>>>
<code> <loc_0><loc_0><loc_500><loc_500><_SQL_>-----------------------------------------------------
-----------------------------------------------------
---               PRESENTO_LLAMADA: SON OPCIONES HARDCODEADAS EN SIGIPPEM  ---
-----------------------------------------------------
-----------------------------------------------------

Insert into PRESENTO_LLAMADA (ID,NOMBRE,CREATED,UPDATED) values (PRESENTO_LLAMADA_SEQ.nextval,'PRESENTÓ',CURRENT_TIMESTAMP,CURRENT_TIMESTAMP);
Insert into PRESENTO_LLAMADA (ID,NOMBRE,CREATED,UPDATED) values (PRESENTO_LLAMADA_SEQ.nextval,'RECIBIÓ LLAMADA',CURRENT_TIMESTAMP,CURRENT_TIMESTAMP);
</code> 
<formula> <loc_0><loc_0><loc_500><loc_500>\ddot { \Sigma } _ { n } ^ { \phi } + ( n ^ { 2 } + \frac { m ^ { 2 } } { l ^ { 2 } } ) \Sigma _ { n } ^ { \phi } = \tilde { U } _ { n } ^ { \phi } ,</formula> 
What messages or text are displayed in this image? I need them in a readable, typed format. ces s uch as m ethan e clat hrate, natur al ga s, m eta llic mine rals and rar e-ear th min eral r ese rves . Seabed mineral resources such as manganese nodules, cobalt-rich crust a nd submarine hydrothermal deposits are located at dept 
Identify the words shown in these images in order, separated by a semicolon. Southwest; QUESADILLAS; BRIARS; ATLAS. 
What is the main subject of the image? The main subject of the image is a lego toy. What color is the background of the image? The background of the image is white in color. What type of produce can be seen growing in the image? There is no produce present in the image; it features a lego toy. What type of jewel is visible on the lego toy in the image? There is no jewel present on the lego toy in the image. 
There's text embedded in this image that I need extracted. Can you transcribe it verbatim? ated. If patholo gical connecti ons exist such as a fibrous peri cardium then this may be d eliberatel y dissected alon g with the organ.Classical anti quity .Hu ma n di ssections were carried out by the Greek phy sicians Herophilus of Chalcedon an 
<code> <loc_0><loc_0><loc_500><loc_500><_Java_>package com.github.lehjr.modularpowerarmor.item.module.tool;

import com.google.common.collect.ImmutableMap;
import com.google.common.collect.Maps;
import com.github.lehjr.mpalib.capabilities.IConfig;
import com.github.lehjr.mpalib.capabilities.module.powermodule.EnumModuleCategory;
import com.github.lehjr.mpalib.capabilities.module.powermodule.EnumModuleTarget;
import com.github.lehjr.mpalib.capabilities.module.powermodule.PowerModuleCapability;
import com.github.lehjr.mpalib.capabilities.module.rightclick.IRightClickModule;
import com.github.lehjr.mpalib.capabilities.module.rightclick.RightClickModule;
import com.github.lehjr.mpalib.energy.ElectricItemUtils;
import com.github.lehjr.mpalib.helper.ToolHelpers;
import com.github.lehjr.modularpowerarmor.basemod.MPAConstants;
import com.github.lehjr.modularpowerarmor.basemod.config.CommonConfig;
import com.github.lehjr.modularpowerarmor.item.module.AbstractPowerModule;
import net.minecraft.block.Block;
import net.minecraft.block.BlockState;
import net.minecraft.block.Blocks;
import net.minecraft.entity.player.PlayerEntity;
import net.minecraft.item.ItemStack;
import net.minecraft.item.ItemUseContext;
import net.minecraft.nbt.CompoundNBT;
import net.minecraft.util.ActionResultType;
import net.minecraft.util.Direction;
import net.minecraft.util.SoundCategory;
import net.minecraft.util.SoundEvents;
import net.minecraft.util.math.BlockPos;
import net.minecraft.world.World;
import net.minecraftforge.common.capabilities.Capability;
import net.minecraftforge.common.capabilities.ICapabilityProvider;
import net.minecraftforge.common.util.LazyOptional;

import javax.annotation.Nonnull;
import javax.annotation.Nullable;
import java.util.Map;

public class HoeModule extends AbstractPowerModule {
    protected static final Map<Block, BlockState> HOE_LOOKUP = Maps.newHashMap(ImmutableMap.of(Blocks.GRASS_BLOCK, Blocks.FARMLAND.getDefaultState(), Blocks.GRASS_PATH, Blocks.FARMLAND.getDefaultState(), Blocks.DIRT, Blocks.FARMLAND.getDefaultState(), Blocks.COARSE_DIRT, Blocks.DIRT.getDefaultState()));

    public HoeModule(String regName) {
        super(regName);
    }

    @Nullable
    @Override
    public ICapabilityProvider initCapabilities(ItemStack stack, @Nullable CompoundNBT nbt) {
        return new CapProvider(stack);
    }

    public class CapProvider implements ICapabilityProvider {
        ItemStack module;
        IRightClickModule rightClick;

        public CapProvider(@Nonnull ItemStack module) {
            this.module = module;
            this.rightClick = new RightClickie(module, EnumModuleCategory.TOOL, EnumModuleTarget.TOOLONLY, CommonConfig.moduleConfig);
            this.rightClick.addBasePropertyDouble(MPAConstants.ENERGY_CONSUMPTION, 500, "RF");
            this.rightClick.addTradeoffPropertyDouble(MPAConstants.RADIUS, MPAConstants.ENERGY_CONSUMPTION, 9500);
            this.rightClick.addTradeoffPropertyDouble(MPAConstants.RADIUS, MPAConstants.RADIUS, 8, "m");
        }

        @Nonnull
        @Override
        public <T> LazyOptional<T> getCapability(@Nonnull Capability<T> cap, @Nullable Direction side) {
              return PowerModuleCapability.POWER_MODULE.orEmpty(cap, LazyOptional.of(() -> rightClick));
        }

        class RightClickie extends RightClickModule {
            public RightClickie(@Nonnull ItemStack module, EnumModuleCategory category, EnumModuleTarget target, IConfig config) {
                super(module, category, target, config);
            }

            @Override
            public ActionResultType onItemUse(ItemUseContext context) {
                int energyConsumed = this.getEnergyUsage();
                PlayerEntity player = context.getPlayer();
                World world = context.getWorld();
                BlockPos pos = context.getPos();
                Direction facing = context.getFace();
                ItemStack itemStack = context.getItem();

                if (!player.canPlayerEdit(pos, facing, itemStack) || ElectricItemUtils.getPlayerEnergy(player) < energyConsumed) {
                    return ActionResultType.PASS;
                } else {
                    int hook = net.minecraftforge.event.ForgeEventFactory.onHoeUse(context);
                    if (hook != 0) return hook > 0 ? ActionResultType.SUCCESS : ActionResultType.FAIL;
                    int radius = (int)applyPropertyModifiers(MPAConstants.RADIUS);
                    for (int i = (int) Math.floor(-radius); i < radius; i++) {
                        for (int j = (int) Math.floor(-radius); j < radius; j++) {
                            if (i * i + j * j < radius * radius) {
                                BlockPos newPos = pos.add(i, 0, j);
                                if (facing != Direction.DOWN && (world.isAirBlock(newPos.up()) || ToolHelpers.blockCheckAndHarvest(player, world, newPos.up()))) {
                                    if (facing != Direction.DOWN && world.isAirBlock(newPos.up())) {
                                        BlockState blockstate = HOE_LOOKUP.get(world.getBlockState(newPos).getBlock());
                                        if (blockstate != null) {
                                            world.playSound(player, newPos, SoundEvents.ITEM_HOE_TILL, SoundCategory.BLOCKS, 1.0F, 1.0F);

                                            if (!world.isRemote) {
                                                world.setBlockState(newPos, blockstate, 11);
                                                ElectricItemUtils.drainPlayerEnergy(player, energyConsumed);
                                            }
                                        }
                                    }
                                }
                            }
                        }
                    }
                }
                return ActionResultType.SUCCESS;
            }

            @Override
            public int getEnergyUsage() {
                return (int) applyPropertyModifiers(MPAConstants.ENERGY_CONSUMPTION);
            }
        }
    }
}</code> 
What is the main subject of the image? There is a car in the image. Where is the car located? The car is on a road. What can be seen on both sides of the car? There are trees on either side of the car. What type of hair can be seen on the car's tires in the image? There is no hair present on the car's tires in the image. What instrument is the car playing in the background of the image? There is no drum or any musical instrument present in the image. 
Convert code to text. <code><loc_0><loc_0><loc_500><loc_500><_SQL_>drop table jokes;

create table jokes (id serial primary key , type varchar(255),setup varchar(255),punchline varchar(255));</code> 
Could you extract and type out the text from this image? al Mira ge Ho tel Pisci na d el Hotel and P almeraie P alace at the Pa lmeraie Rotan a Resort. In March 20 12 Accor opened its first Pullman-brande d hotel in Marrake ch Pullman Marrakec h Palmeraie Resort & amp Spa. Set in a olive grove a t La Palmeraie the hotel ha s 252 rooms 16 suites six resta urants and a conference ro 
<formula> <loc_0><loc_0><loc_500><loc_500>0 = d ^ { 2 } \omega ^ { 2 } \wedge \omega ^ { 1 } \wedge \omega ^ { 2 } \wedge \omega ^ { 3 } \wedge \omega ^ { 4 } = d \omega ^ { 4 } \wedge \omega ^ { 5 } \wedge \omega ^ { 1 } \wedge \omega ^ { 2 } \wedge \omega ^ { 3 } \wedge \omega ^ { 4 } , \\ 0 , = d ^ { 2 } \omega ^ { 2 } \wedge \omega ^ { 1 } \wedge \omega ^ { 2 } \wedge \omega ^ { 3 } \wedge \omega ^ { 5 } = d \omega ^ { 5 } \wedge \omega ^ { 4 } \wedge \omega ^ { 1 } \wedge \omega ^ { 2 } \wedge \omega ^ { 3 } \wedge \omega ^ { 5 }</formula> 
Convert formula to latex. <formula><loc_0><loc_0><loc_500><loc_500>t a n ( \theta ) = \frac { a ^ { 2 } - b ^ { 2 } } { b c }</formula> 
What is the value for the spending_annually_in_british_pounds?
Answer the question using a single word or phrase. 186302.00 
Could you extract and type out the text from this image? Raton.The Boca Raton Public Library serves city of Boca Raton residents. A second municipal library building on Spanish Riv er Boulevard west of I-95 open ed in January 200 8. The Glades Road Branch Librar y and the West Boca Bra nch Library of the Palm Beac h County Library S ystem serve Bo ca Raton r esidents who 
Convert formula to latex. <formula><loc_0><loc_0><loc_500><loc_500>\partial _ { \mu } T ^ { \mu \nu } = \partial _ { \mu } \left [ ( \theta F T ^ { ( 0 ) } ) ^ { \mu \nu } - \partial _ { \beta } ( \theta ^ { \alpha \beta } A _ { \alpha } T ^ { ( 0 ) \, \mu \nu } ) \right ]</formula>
<<<
About this task: When the word "player" appears in a line of the listing, pull that line out.

Solution below:
import net.minecraft.entity.player.PlayerEntity;
                PlayerEntity player = context.getPlayer();
                if (!player.canPlayerEdit(pos, facing, itemStack) || ElectricItemUtils.getPlayerEnergy(player) < energyConsumed) {
                                if (facing != Direction.DOWN && (world.isAirBlock(newPos.up()) || ToolHelpers.blockCheckAndHarvest(player, world, newPos.up()))) {
                                            world.playSound(player, newPos, SoundEvents.ITEM_HOE_TILL, SoundCategory.BLOCKS, 1.0F, 1.0F);
                                                ElectricItemUtils.drainPlayerEnergy(player, energyConsumed);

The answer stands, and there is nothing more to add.